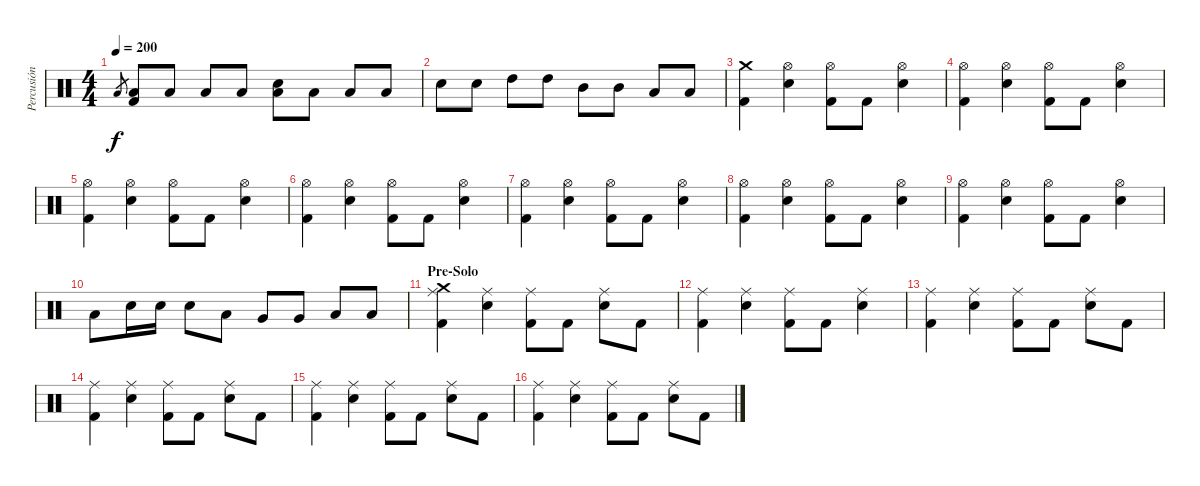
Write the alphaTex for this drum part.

\track ("Percusión" "Percusión") {instrument percussion}
\staff {score}
\articulation defaults
\ts (4 4)
\tempo 200
\clef neutral
\ks c "Low Floor Tom (hit)".8{gr dy f}
("Low Floor Tom (hit)" "Kick (hit) 2").8 "Low Floor Tom (hit)".8 "Low Floor Tom (hit)".8 "Low Floor Tom (hit)".8 ("Low Floor Tom (hit)" "Snare (hit) 2").8 "Low Floor Tom (hit)".8 "Low Floor Tom (hit)".8 "Low Floor Tom (hit)".8 |
"Snare (hit) 2".8 "Snare (hit) 2".8 "High Tom (hit)".8 "High Tom (hit)".8 "Mid Tom (hit)".8 "Mid Tom (hit)".8 "Low Tom (hit)".8 "Low Tom (hit)".8 |
("Crash medium (hit)" "Kick (hit) 2").4 ("Snare (hit) 2" "Hi-Hat (open)").4 ("Hi-Hat (open)" "Kick (hit) 2").8 "Kick (hit) 2".8 ("Snare (hit) 2" "Hi-Hat (open)").4 |
("Hi-Hat (open)" "Kick (hit) 2").4 ("Snare (hit) 2" "Hi-Hat (open)").4 ("Hi-Hat (open)" "Kick (hit) 2").8 "Kick (hit) 2".8 ("Snare (hit) 2" "Hi-Hat (open)").4 |
("Hi-Hat (open)" "Kick (hit) 2").4 ("Snare (hit) 2" "Hi-Hat (open)").4 ("Hi-Hat (open)" "Kick (hit) 2").8 "Kick (hit) 2".8 ("Snare (hit) 2" "Hi-Hat (open)").4 |
("Hi-Hat (open)" "Kick (hit) 2").4 ("Snare (hit) 2" "Hi-Hat (open)").4 ("Hi-Hat (open)" "Kick (hit) 2").8 "Kick (hit) 2".8 ("Snare (hit) 2" "Hi-Hat (open)").4 |
("Hi-Hat (open)" "Kick (hit) 2").4 ("Snare (hit) 2" "Hi-Hat (open)").4 ("Hi-Hat (open)" "Kick (hit) 2").8 "Kick (hit) 2".8 ("Snare (hit) 2" "Hi-Hat (open)").4 |
("Hi-Hat (open)" "Kick (hit) 2").4 ("Snare (hit) 2" "Hi-Hat (open)").4 ("Hi-Hat (open)" "Kick (hit) 2").8 "Kick (hit) 2".8 ("Snare (hit) 2" "Hi-Hat (open)").4 |
("Hi-Hat (open)" "Kick (hit) 2").4 ("Snare (hit) 2" "Hi-Hat (open)").4 ("Hi-Hat (open)" "Kick (hit) 2").8 "Kick (hit) 2".8 ("Snare (hit) 2" "Hi-Hat (open)").4 |
"Low Tom (hit)".8 "Snare (hit) 2".16 "Snare (hit) 2".16 "Snare (hit) 2".8 "Low Tom (hit)".8 "Very Low Tom (hit)".8 "Very Low Tom (hit)".8 "Low Floor Tom (hit)".8 "Low Floor Tom (hit)".8 |
\section ("" "Pre-Solo")
("Ride (middle)" "Crash medium (hit)" "Kick (hit) 2").4 ("Ride (middle)" "Snare (hit) 2").4 ("Ride (middle)" "Kick (hit) 2").8 "Kick (hit) 2".8 ("Ride (middle)" "Snare (hit) 2").8 "Kick (hit) 2".8 |
("Ride (middle)" "Kick (hit) 2").4 ("Ride (middle)" "Snare (hit) 2").4 ("Ride (middle)" "Kick (hit) 2").8 "Kick (hit) 2".8 ("Ride (middle)" "Snare (hit) 2").4 |
("Ride (middle)" "Kick (hit) 2").4 ("Ride (middle)" "Snare (hit) 2").4 ("Ride (middle)" "Kick (hit) 2").8 "Kick (hit) 2".8 ("Ride (middle)" "Snare (hit) 2").8 "Kick (hit) 2".8 |
("Ride (middle)" "Kick (hit) 2").4 ("Ride (middle)" "Snare (hit) 2").4 ("Ride (middle)" "Kick (hit) 2").8 "Kick (hit) 2".8 ("Ride (middle)" "Snare (hit) 2").8 "Kick (hit) 2".8 |
("Ride (middle)" "Kick (hit) 2").4 ("Ride (middle)" "Snare (hit) 2").4 ("Ride (middle)" "Kick (hit) 2").8 "Kick (hit) 2".8 ("Ride (middle)" "Snare (hit) 2").8 "Kick (hit) 2".8 |
("Ride (middle)" "Kick (hit) 2").4 ("Ride (middle)" "Snare (hit) 2").4 ("Ride (middle)" "Kick (hit) 2").8 "Kick (hit) 2".8 ("Ride (middle)" "Snare (hit) 2").8 "Kick (hit) 2".8

______

EXERCISE INSTRUCTIONS: Pick out every line of the listing containing the word "Floor", and show those lines.

WRITTEN REPLY:
\ks c "Low Floor Tom (hit)".8{gr dy f}
("Low Floor Tom (hit)" "Kick (hit) 2").8 "Low Floor Tom (hit)".8 "Low Floor Tom (hit)".8 "Low Floor Tom (hit)".8 ("Low Floor Tom (hit)" "Snare (hit) 2").8 "Low Floor Tom (hit)".8 "Low Floor Tom (hit)".8 "Low Floor Tom (hit)".8 |
"Low Tom (hit)".8 "Snare (hit) 2".16 "Snare (hit) 2".16 "Snare (hit) 2".8 "Low Tom (hit)".8 "Very Low Tom (hit)".8 "Very Low Tom (hit)".8 "Low Floor Tom (hit)".8 "Low Floor Tom (hit)".8 |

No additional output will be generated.